In anticipation of the automated courtesy bump, I'll elaborate.
For example, take this scenario from another thread:
we have an association with 10 members, but in this case 5 men and 5 women. The association shall elect a board with 4 members, one chairperson, one vice chairperson, one secretary, and one treasurer. According to the statutes, the chairperson and the vice chairperson must have different sexes, and no person can uphold more than one of these four positions. There are no other restrictions of how the board can be composed
To enumerate the possible boards, suppose we think of column vectors with 3 entires. The entries aren't numbers, they are just symbols. An entry like \begin{pmatrix} x_2\\ M\\C \end{pmatrix}
has the interpretation that x_2 denotes particular individual, the M denotes he is male. The C indicates he is selected as the chairperson.
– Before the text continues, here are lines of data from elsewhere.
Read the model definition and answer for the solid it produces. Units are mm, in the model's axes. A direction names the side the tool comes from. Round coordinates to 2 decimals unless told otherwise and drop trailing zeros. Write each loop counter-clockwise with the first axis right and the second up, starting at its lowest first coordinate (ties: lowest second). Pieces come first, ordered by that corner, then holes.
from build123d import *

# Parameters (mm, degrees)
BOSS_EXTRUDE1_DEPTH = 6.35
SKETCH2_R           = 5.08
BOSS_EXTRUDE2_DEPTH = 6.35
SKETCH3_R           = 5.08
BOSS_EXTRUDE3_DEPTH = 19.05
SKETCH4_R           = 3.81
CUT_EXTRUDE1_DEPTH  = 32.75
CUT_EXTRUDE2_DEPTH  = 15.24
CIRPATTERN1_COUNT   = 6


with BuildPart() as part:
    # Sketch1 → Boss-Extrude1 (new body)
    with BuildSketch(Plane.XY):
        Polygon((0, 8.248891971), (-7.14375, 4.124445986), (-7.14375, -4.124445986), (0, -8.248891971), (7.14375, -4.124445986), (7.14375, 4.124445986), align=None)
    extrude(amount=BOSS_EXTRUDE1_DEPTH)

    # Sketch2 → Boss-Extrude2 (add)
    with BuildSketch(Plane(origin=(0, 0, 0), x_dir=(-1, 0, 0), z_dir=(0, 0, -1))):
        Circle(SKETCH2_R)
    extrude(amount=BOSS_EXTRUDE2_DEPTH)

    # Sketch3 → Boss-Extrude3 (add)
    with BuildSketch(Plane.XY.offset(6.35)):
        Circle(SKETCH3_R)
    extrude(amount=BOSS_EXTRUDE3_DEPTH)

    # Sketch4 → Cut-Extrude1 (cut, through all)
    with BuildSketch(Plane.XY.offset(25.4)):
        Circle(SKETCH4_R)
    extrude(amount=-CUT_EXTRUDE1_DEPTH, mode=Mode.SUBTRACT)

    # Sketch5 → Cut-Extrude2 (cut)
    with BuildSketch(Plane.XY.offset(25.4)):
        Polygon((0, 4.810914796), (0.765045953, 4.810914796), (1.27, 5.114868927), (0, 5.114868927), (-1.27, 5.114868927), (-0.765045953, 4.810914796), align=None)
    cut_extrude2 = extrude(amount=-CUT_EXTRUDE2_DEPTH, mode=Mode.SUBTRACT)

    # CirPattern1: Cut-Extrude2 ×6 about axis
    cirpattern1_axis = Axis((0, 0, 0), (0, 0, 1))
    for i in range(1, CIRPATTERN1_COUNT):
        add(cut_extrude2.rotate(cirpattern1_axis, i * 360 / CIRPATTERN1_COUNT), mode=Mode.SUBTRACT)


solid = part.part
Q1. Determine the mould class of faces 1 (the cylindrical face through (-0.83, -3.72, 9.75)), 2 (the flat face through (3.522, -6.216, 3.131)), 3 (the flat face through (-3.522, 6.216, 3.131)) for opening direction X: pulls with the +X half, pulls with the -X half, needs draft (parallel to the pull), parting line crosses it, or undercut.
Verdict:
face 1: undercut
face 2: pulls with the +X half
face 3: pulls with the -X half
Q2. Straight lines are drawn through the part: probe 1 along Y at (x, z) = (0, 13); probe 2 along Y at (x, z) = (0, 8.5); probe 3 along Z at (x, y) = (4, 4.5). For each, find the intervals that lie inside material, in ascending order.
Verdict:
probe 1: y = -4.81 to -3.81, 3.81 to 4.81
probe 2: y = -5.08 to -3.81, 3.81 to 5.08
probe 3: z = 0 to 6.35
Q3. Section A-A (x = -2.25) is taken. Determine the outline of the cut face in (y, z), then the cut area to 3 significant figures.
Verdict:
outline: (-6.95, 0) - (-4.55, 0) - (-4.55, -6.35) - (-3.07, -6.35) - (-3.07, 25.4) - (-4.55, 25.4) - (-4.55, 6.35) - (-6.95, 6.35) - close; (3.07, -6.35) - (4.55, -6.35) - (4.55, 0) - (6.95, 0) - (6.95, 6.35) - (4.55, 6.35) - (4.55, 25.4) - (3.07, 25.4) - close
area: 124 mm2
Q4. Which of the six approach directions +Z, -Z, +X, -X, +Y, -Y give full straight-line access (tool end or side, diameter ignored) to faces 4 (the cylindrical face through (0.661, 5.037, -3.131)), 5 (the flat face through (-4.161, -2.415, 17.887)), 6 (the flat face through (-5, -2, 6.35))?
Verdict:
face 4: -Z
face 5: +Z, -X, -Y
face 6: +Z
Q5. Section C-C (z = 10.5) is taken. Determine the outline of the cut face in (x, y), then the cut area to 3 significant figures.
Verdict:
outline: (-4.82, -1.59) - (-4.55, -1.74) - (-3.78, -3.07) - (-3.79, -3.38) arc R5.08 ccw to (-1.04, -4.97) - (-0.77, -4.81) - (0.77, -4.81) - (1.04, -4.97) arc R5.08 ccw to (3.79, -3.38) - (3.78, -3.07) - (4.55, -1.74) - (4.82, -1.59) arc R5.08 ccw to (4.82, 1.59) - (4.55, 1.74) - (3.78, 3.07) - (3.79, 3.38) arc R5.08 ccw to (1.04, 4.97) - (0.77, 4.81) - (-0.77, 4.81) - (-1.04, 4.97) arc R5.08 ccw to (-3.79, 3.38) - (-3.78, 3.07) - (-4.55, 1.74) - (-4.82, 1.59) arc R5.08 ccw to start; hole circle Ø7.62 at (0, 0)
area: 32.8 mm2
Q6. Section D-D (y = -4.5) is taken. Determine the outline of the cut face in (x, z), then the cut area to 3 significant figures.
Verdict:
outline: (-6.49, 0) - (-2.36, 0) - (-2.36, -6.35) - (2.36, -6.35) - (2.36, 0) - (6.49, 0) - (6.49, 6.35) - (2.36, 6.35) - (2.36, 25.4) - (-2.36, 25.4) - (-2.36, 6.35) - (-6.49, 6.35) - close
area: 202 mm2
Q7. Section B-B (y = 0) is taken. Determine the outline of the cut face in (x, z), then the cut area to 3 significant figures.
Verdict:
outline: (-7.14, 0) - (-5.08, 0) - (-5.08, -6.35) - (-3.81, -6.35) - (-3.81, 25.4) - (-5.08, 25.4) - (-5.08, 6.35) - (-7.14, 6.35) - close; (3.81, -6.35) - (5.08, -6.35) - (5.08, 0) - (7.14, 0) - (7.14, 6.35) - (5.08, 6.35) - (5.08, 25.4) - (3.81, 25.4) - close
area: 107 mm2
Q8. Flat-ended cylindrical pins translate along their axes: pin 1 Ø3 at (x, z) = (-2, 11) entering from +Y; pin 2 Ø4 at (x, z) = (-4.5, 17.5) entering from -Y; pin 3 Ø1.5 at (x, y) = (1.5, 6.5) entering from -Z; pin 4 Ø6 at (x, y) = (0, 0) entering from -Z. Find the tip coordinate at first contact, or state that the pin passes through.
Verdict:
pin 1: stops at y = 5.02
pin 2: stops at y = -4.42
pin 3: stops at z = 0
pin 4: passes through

We try to represent the boards as terms in the symbolic multiplication (vector entry by vector entry):
\big( \begin{pmatrix} x_1 \\ M\\ C \end{pmatrix} + ...+ \begin{pmatrix} x_{10} \\ F \\ C \end{pmatrix} \big)
\big( \begin{pmatrix} x_1 \\ M\\ V \end{pmatrix} + ...+ \begin{pmatrix} x_{10} \\ F \\ V \end{pmatrix} \big)
\big( \begin{pmatrix} x_1 \\ M\\ S \end{pmatrix} + ...+ \begin{pmatrix} x_{10} \\ F \\ S \end{pmatrix} \big)
\big( \begin{pmatrix} x_1 \\ M\\ T \end{pmatrix} + ...+ \begin{pmatrix} x_{10} \\ F \\ T \end{pmatrix} \big)
But this multiplication produces terms that represent illegal selections such as
\begin{pmatrix} x_1 x_5 x_6 x_6 \\ M M F F \\ C V S T\end{pmatrix}
which has the flaws that member x_6 holds two offices and the chairperson (C) and vice chairperson (V) have the same gender.
To rectify this, we could stipulate that the symbols come from some algebraic structure that makes the illegal combinations equal to a kind of zero ( or "unity" or anything that makes them conveniently distinguishable as illegal). For example, we could say that x_i^2 = 0 and
\begin{pmatrix} x_i x_j \\ M^2 \\ CV \end{pmatrix} = \begin{pmatrix} x_i x_j \\ F^2 \\ CV \end{pmatrix} = \begin{pmatrix} 0 \\ 0 \\ 0 \end{pmatrix}
and further any column vector with a 0 entry is equivalent to a column vector of all zeroes.
Rather than such ad hoc stipulations, it would be nice to find a construction using well known mathematical structures where the stipulations are properties of the structures.